I’m eager to catch “The Tribe” (Oriental Theatre, 4:30 p.m.), a Ukrainian crime picture that won the critics’ prize at the Cannes Film Festival. Set in a boarding school for young deaf students, the story is told entirely through sign language without the aid of on-screen subtitles. That sounds like a gimmick, perhaps, but advance buzz indicates that the experience is utterly gripping and—fair warning—quite harrowing.

"Man with a Movie Camera"
“Man with a Movie Camera”

Tuesday, Sept. 30

Your ears will thank you for attending “Man with a Movie Camera” (Oriental Theatre, 7 p.m.), since MFF is presenting Dziga Vertov’s 1929 silent classic with—wait for it—live musical accompaniment by the world-famous Alloy Orchestra. The film captures the Soviet Union at a transitional chapter, but its main subject is a fascination with machinery—the engines of revolution, the levers of labor, the gears of cinema. What emerges from the endlessly innovative photography and editing is a crushing critique of Lenin’s failures, yes, but also a new way of speaking with film. Once you’ve seen this proletarian symphony, it’s hard to quarrel with a recent international poll that crowned it the greatest documentary of all-time.

"Top Secret!"
“Top Secret!”

Wednesday, Oct. 1

When I was 10 years old, I knew there were two kinds of people: Those who recognized 1984’s “Top Secret!” (Oriental Theatre, 7 p.m.) as the greatest spoof comedy ever made, and morons. Sure, the story, which simultaneously parodies Elvis musicals and Cold War espionage thrillers, lacks a sturdy spine.
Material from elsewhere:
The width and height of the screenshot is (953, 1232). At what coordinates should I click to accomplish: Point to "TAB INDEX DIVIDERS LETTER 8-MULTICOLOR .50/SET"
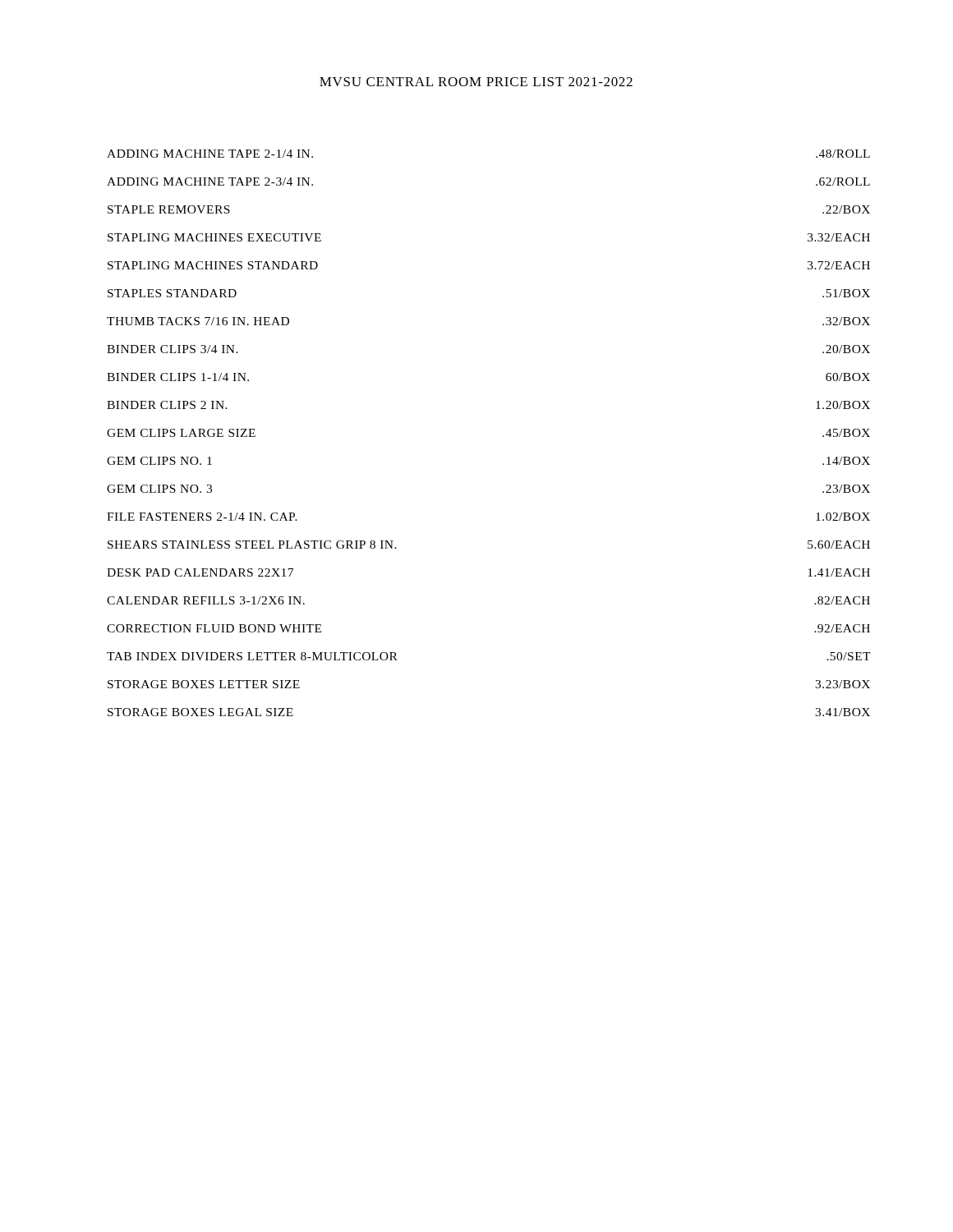(249, 656)

But it’s also teeming with madcap inspiration (an underwater barroom brawl), ambitious sight gags (a station that leaves the train), and a hilariously overcommitted Val Kilmer in his first role. Co-directors Jerry Zucker, Jim Abrahams, and David Zucker (the first two will attend) are Shorewood natives famous for their rapid-fire gags. Their real brilliance, though, is in puncturing the genre clichés we didn’t even know existed.

"Horses of God"
“Horses of God”

Thursday, Oct. 2

Eleven years ago, Nabil Ayouch’s lovely urban fable “Ali Zaoua, Prince of the Streets” was my favorite movie of the Milwaukee International Film Festival. Ayouch’s latest work, “Horses of God” (Oriental Theatre, 9:30 p.m.), is less masterful, but at least it swings for the fences. By charting how several slum dwellers evolve into suicide bombers who carry out the real-life 2003 attacks in Morocco, the film tries to comprehend, with pity rather than anger, the interrelationships between youth, desperation, and zealotry.

The full festival lineup can be accessed online at mkefilm.org.

Venues include the Fox-Bay Cinema Grill; the Times Cinema; and the historic Oriental and Downer Theatres. Tickets are $10, but discounts are available for seniors, students, and children. Tickets can be purchased online, by phone, or in person at each theater box-office. Screenings routinely sell out, so buy your tickets now.